Description of the task:
Up to and including the line with "basket;0.693;-0.143;1.674;0.395;0.263;0.307;3;4;13", reproduce the listing below exactly, beginning at its first line.

-*-*-

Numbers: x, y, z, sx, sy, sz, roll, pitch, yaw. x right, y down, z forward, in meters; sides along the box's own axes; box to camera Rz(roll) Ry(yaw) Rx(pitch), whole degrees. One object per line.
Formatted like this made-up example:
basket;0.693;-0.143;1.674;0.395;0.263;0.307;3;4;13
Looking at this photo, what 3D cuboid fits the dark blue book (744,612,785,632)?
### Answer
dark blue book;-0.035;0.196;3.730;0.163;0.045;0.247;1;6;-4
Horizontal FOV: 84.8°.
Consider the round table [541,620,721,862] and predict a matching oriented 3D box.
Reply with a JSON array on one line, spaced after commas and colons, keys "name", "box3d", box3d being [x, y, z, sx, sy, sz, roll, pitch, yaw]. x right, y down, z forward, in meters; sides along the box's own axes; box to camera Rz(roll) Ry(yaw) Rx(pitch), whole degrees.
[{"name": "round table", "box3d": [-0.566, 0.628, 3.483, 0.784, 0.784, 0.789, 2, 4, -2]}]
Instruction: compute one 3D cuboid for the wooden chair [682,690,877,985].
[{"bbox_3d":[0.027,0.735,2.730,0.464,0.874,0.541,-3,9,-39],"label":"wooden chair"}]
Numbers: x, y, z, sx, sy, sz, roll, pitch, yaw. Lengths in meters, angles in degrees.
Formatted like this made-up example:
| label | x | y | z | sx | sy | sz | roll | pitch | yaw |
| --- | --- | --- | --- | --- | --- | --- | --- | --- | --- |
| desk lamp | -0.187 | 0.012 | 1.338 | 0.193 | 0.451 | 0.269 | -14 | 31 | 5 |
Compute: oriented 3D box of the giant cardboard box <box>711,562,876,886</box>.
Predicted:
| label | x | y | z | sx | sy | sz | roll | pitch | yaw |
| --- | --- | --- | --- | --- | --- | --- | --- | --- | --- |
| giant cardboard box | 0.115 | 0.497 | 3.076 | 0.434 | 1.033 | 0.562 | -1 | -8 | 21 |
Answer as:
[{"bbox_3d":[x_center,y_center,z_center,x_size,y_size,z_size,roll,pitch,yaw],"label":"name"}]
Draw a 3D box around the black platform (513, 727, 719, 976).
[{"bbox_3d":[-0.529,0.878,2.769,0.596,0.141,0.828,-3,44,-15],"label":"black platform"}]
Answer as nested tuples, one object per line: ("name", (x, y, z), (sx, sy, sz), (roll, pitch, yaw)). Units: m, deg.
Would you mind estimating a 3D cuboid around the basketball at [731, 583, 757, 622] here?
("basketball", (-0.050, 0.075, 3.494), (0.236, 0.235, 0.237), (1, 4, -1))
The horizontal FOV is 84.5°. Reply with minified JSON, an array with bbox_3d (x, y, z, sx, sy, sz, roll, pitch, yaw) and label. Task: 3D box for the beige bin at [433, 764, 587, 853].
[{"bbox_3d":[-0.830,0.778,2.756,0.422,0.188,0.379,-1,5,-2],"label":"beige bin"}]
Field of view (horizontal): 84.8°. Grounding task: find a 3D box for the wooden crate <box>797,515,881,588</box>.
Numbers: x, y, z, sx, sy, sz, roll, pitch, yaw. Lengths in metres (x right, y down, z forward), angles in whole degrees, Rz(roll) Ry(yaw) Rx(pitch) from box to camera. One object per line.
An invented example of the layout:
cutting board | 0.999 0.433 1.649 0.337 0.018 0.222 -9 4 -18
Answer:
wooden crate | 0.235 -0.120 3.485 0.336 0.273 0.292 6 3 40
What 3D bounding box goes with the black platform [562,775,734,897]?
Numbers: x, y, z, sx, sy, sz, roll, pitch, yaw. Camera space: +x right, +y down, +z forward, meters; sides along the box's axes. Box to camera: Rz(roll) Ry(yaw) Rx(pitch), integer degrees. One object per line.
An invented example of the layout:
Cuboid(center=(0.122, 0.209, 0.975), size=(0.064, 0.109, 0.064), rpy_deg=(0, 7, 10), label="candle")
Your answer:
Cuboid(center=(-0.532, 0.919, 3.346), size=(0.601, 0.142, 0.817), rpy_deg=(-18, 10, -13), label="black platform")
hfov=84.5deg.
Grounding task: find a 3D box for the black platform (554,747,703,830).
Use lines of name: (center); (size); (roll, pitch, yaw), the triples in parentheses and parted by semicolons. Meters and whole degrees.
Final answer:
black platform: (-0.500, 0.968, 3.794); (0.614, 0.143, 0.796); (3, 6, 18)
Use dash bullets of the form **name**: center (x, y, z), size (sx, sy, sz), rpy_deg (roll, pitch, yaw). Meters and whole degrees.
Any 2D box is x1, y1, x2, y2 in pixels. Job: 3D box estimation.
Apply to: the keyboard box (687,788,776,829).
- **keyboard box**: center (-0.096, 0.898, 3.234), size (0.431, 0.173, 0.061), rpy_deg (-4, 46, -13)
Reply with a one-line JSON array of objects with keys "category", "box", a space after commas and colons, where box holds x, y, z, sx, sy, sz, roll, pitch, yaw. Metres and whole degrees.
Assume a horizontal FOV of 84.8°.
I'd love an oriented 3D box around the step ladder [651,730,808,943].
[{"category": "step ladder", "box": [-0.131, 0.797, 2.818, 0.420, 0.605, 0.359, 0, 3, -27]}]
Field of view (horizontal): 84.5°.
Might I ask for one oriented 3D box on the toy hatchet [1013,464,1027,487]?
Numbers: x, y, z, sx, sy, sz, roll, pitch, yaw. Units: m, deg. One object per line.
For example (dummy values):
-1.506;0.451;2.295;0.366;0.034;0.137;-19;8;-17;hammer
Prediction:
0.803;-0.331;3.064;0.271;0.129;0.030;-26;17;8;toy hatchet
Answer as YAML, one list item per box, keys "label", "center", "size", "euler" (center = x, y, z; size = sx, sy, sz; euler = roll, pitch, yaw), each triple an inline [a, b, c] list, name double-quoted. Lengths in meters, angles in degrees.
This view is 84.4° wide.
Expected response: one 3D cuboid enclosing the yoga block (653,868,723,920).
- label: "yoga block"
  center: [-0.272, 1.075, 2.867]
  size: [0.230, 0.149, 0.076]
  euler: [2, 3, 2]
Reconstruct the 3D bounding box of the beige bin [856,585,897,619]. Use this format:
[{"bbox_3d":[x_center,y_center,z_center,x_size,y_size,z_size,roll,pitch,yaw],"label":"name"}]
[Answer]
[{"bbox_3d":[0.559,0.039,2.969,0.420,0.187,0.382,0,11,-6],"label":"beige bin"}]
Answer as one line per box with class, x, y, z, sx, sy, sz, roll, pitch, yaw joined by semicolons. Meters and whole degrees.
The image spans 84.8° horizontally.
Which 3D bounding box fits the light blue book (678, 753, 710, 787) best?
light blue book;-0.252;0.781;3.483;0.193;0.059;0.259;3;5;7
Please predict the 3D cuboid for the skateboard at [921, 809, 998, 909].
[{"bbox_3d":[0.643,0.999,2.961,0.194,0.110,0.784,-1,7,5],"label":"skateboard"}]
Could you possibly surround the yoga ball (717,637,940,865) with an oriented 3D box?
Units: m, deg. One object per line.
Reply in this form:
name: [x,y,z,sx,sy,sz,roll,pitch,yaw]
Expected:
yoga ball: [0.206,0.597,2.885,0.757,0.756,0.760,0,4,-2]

-*-*-

Your response:
Numbers: x, y, z, sx, sy, sz, roll, pitch, yaw. x right, y down, z forward, in meters; sides along the box's own axes; box to camera Rz(roll) Ry(yaw) Rx(pitch), whole degrees. One object per line.
Formatted like this made-up example:
basket;0.693;-0.143;1.674;0.395;0.263;0.307;3;4;13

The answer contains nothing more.